**Assignment**
The records below must be reproduced exactly, excluding any pictures.
START Record set
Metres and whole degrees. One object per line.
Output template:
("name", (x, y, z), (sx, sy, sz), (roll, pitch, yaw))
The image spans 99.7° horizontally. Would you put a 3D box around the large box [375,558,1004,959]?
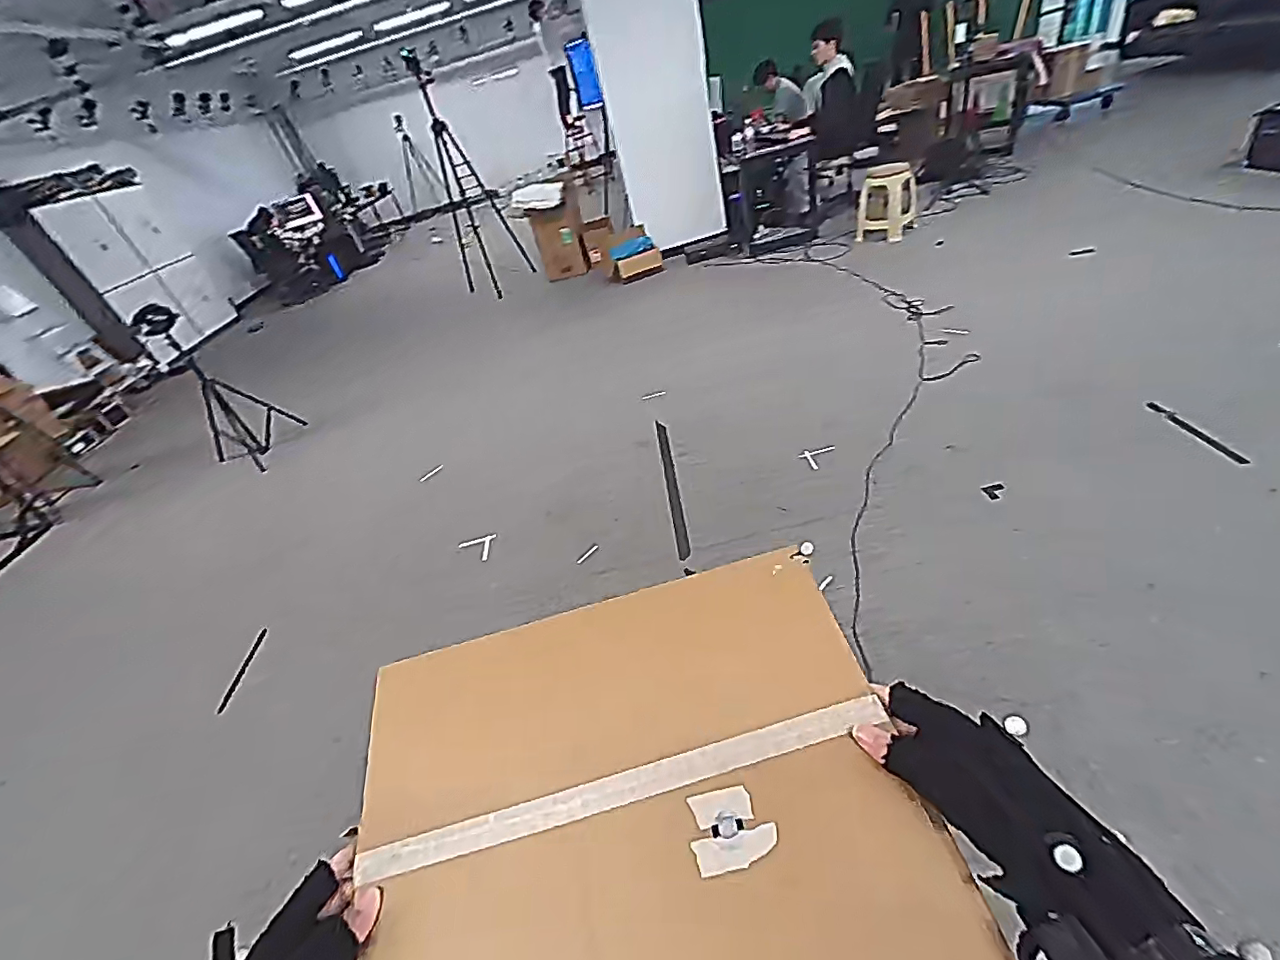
("large box", (0.019, 0.334, 0.523), (0.408, 0.320, 0.320), (-16, 49, -2))
END Record set
**Solution to this problem**
Metres and whole degrees. One object per line.
Output template:
("name", (x, y, z), (sx, sy, sz), (roll, pitch, yaw))
The image spans 99.7° horizontally. Would you put a 3D box around the large box [375,558,1004,959]?
("large box", (0.019, 0.334, 0.523), (0.408, 0.320, 0.320), (-16, 49, -2))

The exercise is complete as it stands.